Let's talk about student mental health.
Providing effective support for mental health challenges is a top priority on our post-secondary campuses.
Students’ challenges have become increasingly complex and the demand for services has grown.
Given that the onset of mental health issues typically coincides with the age of entry to post-secondary education, colleges are often the first point of contact for students in crisis. This is one reason why Colleges Ontario partnered with the College Student Alliance, the Ontario Undergraduate Student Alliance and the Council of Ontario Universities to co-develop a strategy. This student-centered strategy is outline in a report entitled In it Together, Taking Action on Student Mental Health.
From 2010-11 to 2015-16, the number of college students who self-identified as having a psychiatric disorder increased by 85 per cent. Responding effectively to students by connecting them to the right care at the right time is a top priority at our province’s colleges.
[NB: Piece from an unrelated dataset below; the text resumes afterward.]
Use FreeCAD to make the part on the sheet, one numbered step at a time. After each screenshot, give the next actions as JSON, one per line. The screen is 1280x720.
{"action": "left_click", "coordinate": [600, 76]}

In the years since the In it Together report, colleges have had success in better integrating campus supports with those available in the community and providing students with resources to help them manage their mental health and wellness.
Together with their community partners and the Centre for Innovation in Campus Mental Health, colleges have enhanced mental health education on campuses to reduce stigma and build students’ resiliency in preparation for life after graduation.
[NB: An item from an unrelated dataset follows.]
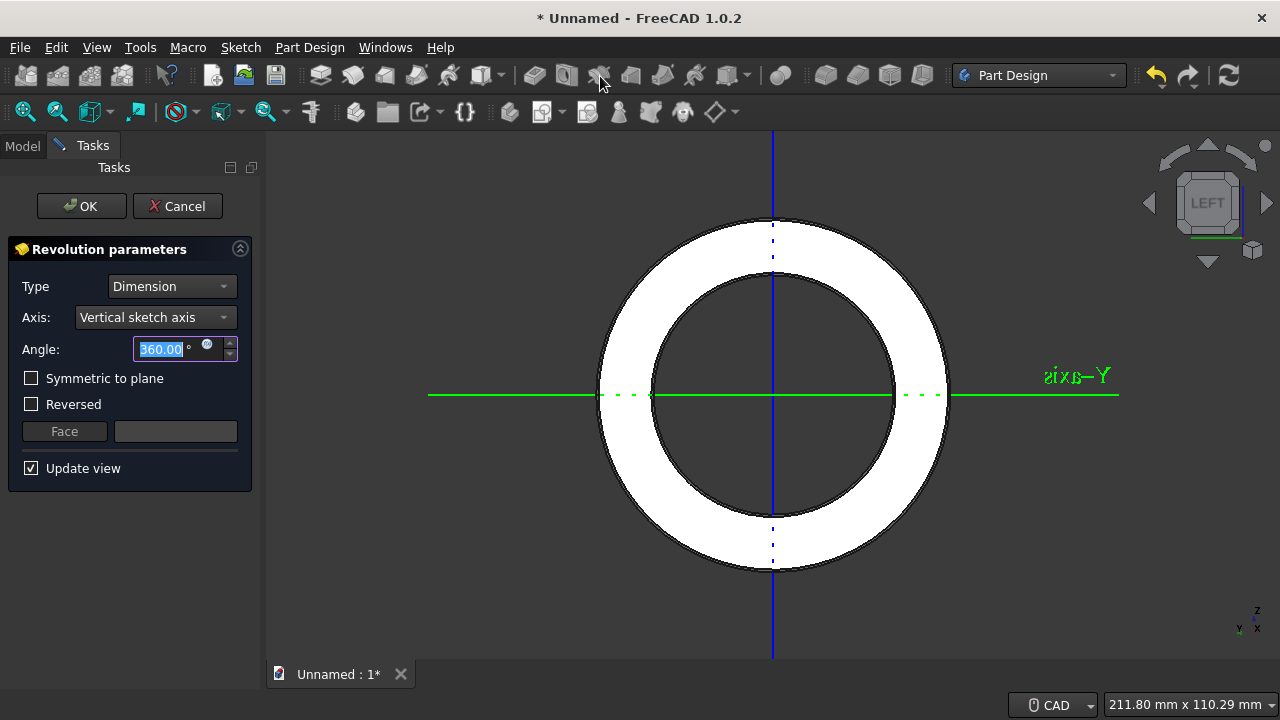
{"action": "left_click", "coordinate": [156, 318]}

Such early interventions on campus not only save lives but alleviate pressures on Ontario’s health-care system.
It’s estimated that every $1 spent on mental health and addictions treatment saves $7 in health costs and $30 in lost productivity.
Moreover, failing to adequately address mental health issues at the college level could put students at risk of not completing their studies, which would ultimately diminish their chances of success when they enter the workforce.
The exponential growth in mental health concerns on campus is making it increasingly challenging to provide the range of services our students need. As these pressures grow, there is a clear need for more provincial investments.
In our submission to the province for this year’s provincial budget, we’re urging the government to invest $75 million over three years to strengthen mental health supports on our campuses.
This will help ensure that students, regardless of geographic location, have access to gender and culturally sensitive mental health services and supports that are timely, effective and flexible, and provided in a safe and comfortable environment.
We will also continue to work with student leaders, health-care providers, our university partners, the government and others to explore proactive approaches to a comprehensive, holistic approach to mental health.
Working together, we can make a difference to every student who needs our help.